Cryptology ePrint Archive: Report 2019/320

Integral Matrix Gram Root and Lattice Gaussian Sampling without Floats

Léo Ducas and Steven Galbraith and Thomas Prest and Yang Yu

Abstract: Many advanced lattice based cryptosystems require to sample lattice points from Gaussian distributions. One challenge for this task is that all current algorithms resort to floating-point arithmetic (FPA) at some point, which has numerous drawbacks in practice: it requires numerical stability analysis, extra storage for high-precision, lazy/backtracking techniques for efficiency, and may suffer from weak determinism which can completely break certain schemes.
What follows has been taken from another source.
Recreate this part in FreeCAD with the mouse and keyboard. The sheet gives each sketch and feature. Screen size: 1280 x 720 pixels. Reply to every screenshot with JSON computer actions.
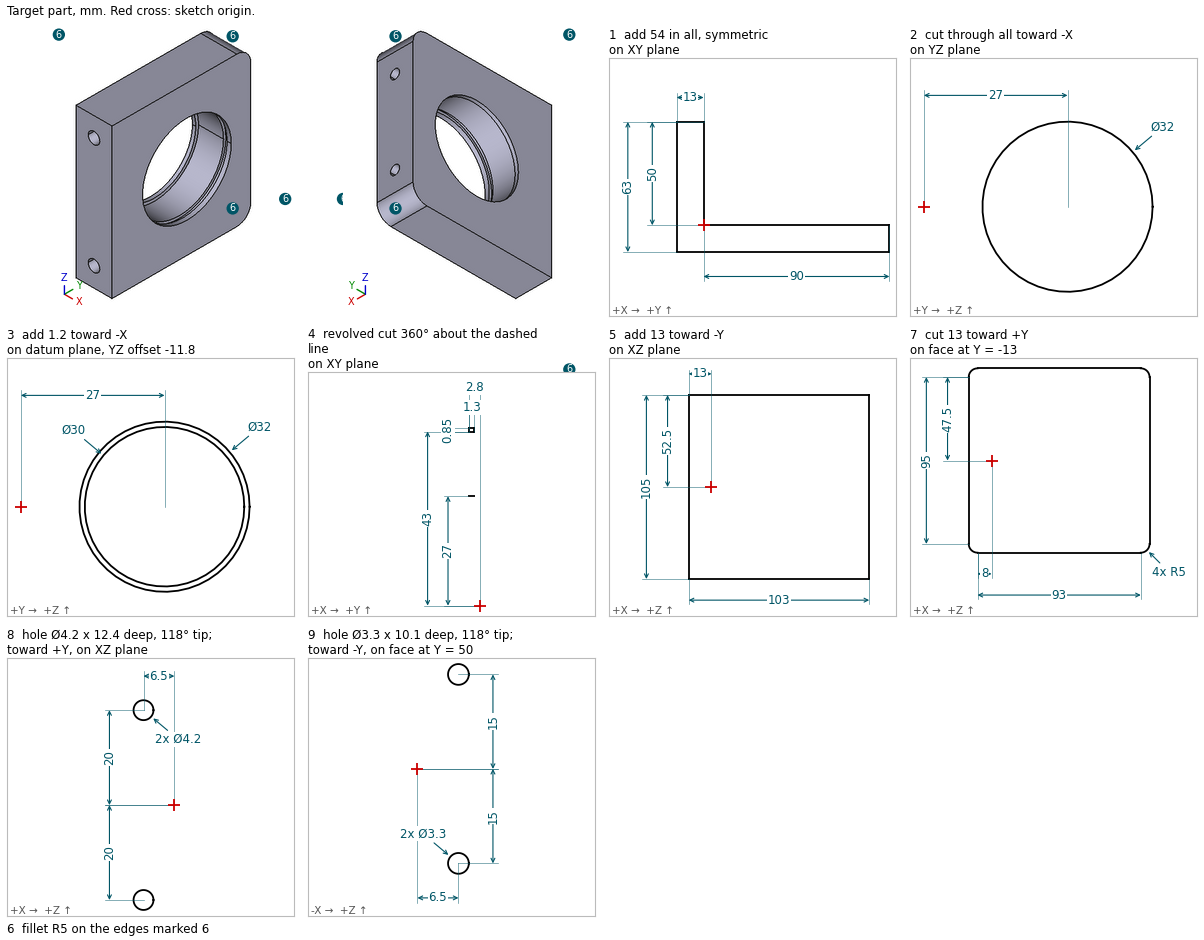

In this paper, we give techniques to implement Gaussian sampling over general lattices without using FPA. To this end, we revisit the approach of Peikert, using perturbation sampling. Peikert's approach uses the Cholesky decomposition $\mathbf{\Sigma} = \mathbf{A} \mathbf{A}^t$ of the target covariance matrix $\mathbf{\Sigma}$, giving rise to a square matrix $\mathbf{A}$ with real (not integer) entries. Our idea, in a nutshell, is to replace this decomposition by an integral one. While there is in general no integer solution if we restrict $\mathbf{A}$ to being a square matrix, we show that such a decomposition can be efficiently found by allowing $\mathbf{A}$ to be wider (say $n \times 9n$). This can be viewed as an extension of Lagrange's four-square theorem to matrices. In addition, we adapt our integral decomposition algorithm to the ring setting: for power-of-2 cyclotomics, we can exploit the tower of rings structure for improved complexity and compactness.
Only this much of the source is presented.